McCurry says FBI director is doing the 'best he can'

By Wolf Blitzer/CNN

WASHINGTON (Dec. 4) -- It's been building behind the scenes for days, but the White House today effectively humiliated FBI Director Louis Freeh in public.


Press Secretary Mike McCurry sent the strongest signal to date that President Bill Clinton has lost confidence in Freeh, who disagreed with Attorney General Janet Reno's decision against calling for an independent counsel to investigate the president's and vice president's fund-raising activities. (736K edited wav sound)

Asked repeatedly whether the president still retains confidence in Freeh, McCurry -- choosing his words carefully -- replied, "I think the president thinks that the FBI is the world's greatest law enforcement agency, and I think the president has great confidence that Louis Freeh is leading that agency as best he can."

When reporters noted that was less than a ringing endorsement, McCurry replied, "You take it whatever way you want to take it."

At another point, a reporter said to McCurry that his words amounted to less than a full endorsement, a smiling McCurry said, "I am pretty careful on how I choose my words."
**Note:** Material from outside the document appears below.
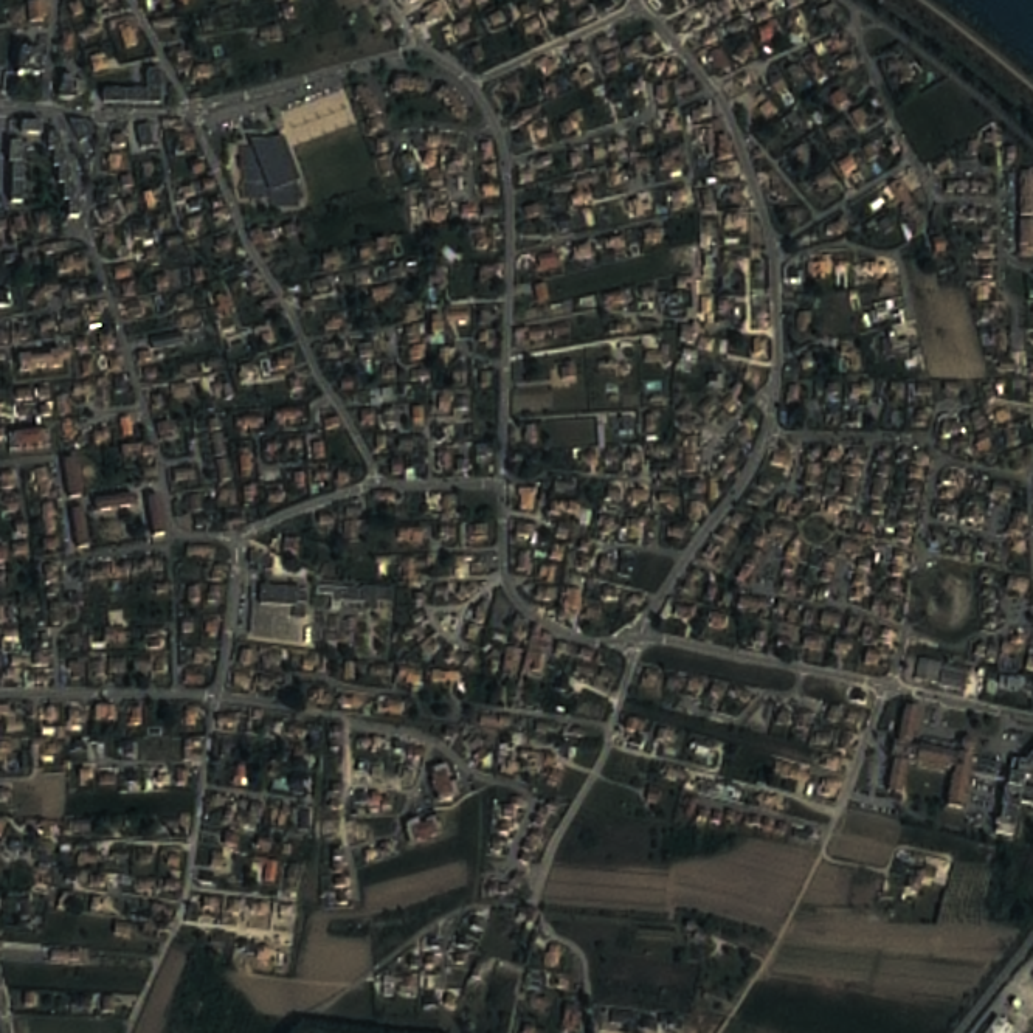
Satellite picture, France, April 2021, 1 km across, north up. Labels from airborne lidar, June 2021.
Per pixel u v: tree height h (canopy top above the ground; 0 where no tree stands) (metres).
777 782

At that point, there was laughter in the White House press briefing room, as reporters understood the not-so-subtle message.

In recent days, as reported by CNN, White House officials have privately been trashing Freeh, not only complaining about his position on an independent counsel but also on the FBI's failure to deal with its troubled crime lab, its botched investigation into the Atlanta Olympic bombing in 1996, and Freeh's alleged efforts to ingratiate himself among congressional Republicans.

They have made the point that Freeh is probably not suited for the job. They've also complained privately about news media leaks from the FBI that have embarrassed the Clinton Administration, especially those involving allegations that China may have tried to influence the U.S. political system.

What's different now is that the White House is publicly signaling its irritation with Freeh, hoping he'll get the message and resign.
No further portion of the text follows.